While CT and MRI tend to be less useful in the diagnosis of IPD, they can be very useful for assessing atypical parkinsonism (Sid Gilman, 1998). MRIs especially are of great importance in the diagnosis of atypical parkinsonism. While the differences can be slight, they are often consistent with each disease; MSA, PSP, and CBD. In MSA, there can be supratentorially, a hyper-intense rim at the putaminal edge, putaminal hyper-intensity and putaminal atrophy, and infratentorially, atrophy and signal change because of degeneration of pontine nuclei and transverse pontine fibres, Purkinje cells and inferior olives (Schrag et al., 2000). This creates what is often referred to as “hot cross bun sign” in the pons (Brooks, 2002). In PSP, a dilation of the third ventricle, with midbrain atrophy and pontine tegmental atrophy, and signal increase in midbrain have all been noted (Schrag et al., 2000). In differentiating PSP from MSA, the presence of marked atrophy of the midbrain (<17mm diameter) and hyper-intensity are used (Schrag et al., 2000). In CBD, cortical atrophy and hypo-intensity of the putamen and globus pallidus, and asymmetry of the global atrophy can be seen. There is still significant overlap between some findings for each of these neurodegenerative diseases (Schrag et al., 2000).

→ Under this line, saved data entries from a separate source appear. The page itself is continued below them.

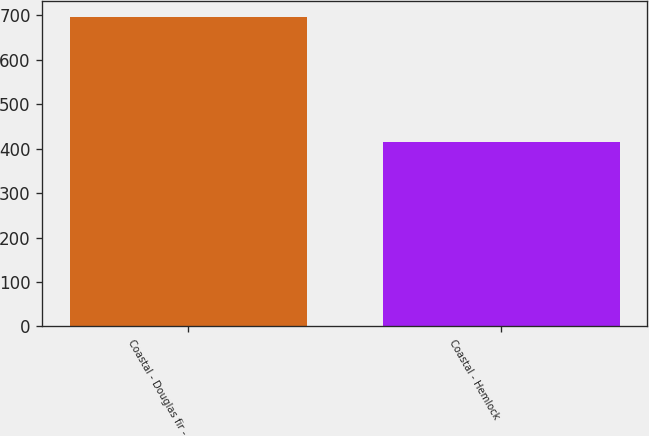<chart> <loc_0><loc_0><loc_500><loc_500><bar_chart><fcel>Coastal - Douglas fir -<fcel>Coastal - Hemlock<nl><fcel>697<fcel>416<nl></chart> 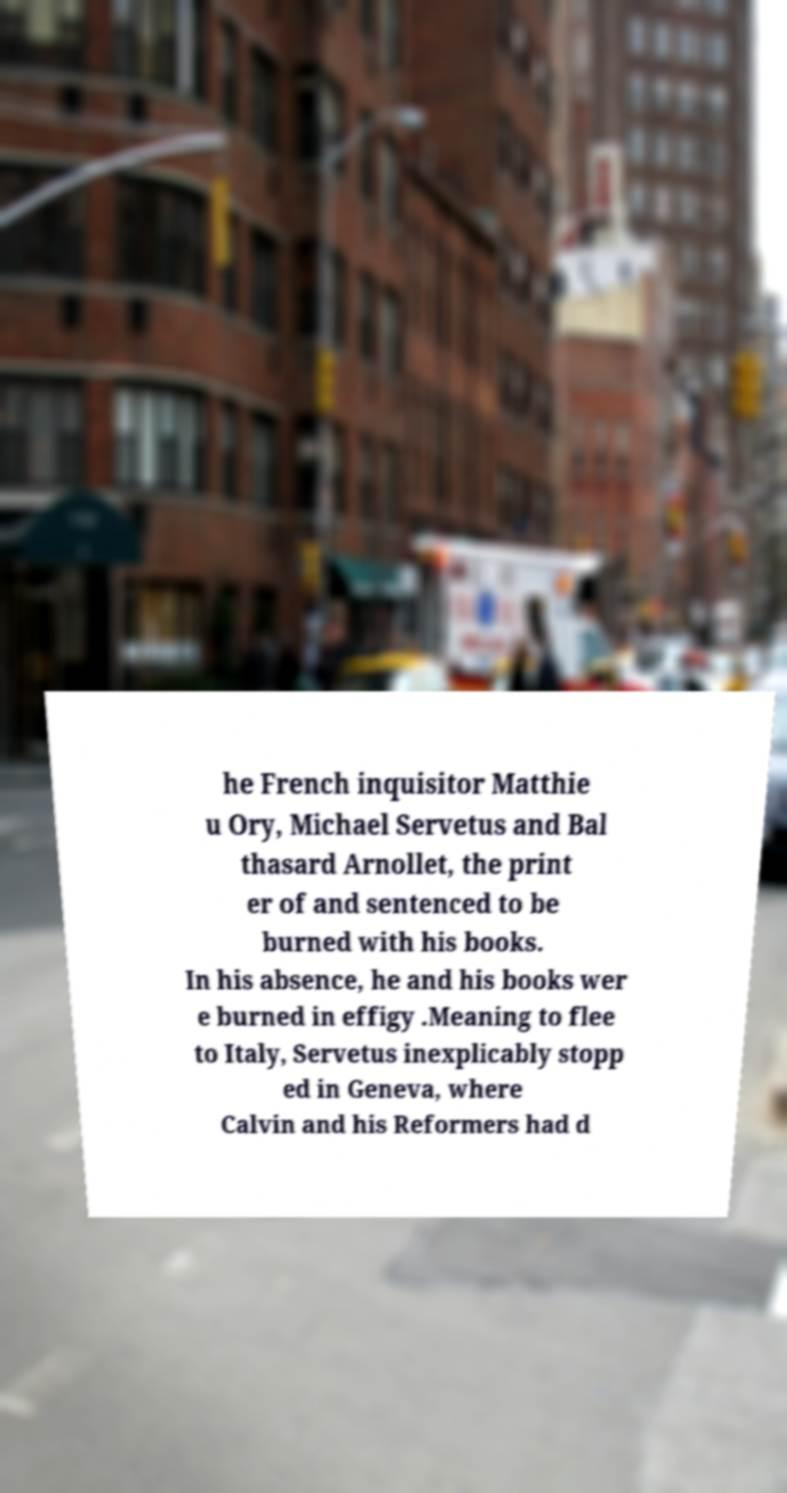Could you extract and type out the text from this image? he French inquisitor Matthie u Ory, Michael Servetus and Bal thasard Arnollet, the print er of and sentenced to be burned with his books. In his absence, he and his books wer e burned in effigy .Meaning to flee to Italy, Servetus inexplicably stopp ed in Geneva, where Calvin and his Reformers had d 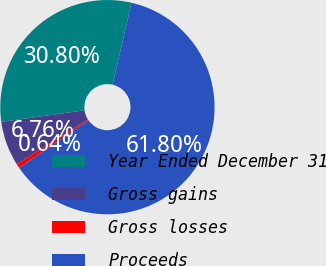Convert chart to OTSL. <chart><loc_0><loc_0><loc_500><loc_500><pie_chart><fcel>Year Ended December 31<fcel>Gross gains<fcel>Gross losses<fcel>Proceeds<nl><fcel>30.8%<fcel>6.76%<fcel>0.64%<fcel>61.8%<nl></chart> 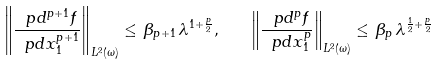<formula> <loc_0><loc_0><loc_500><loc_500>\left \| \frac { \ p d ^ { p + 1 } f } { \ p d x _ { 1 } ^ { p + 1 } } \right \| _ { L ^ { 2 } ( \omega ) } \leq \, \beta _ { p + 1 } \, \lambda ^ { 1 + \frac { p } { 2 } } , \quad \left \| \frac { \ p d ^ { p } f } { \ p d x _ { 1 } ^ { p } } \right \| _ { L ^ { 2 } ( \omega ) } \leq \, \beta _ { p } \, \lambda ^ { \frac { 1 } { 2 } + \frac { p } { 2 } }</formula>

The thinning of the substantia nigra, atrophy of putamen and midbrain atrophy (>17mm diameter) are some frequently repeated radiological findings (Schrag et al., 2000). Although MRI might not always be able to pinpoint the diagnosis, it is still useful for ruling out other causes of parkinsonism, mainly structural lesions such as basal ganglia tumours and haemorrhages (Brooks, 2002).

The patient benefited from a physician with a thorough understanding of atypical Parkinsonism and received a diagnosis relatively soon after onset of symptoms. This has allowed her access to appropriate clinical treatment and information about her condition and prognosis (Nonnekes et al., 2014). This is a central aim in medicine. Medicine has evolved to rely heavily on diagnostic tests although ideally it is technology that is used to confirm clinical acumen. The diagnostic process of atypical Parkinsonism is an excellent example of the continuing need for clinical acumen.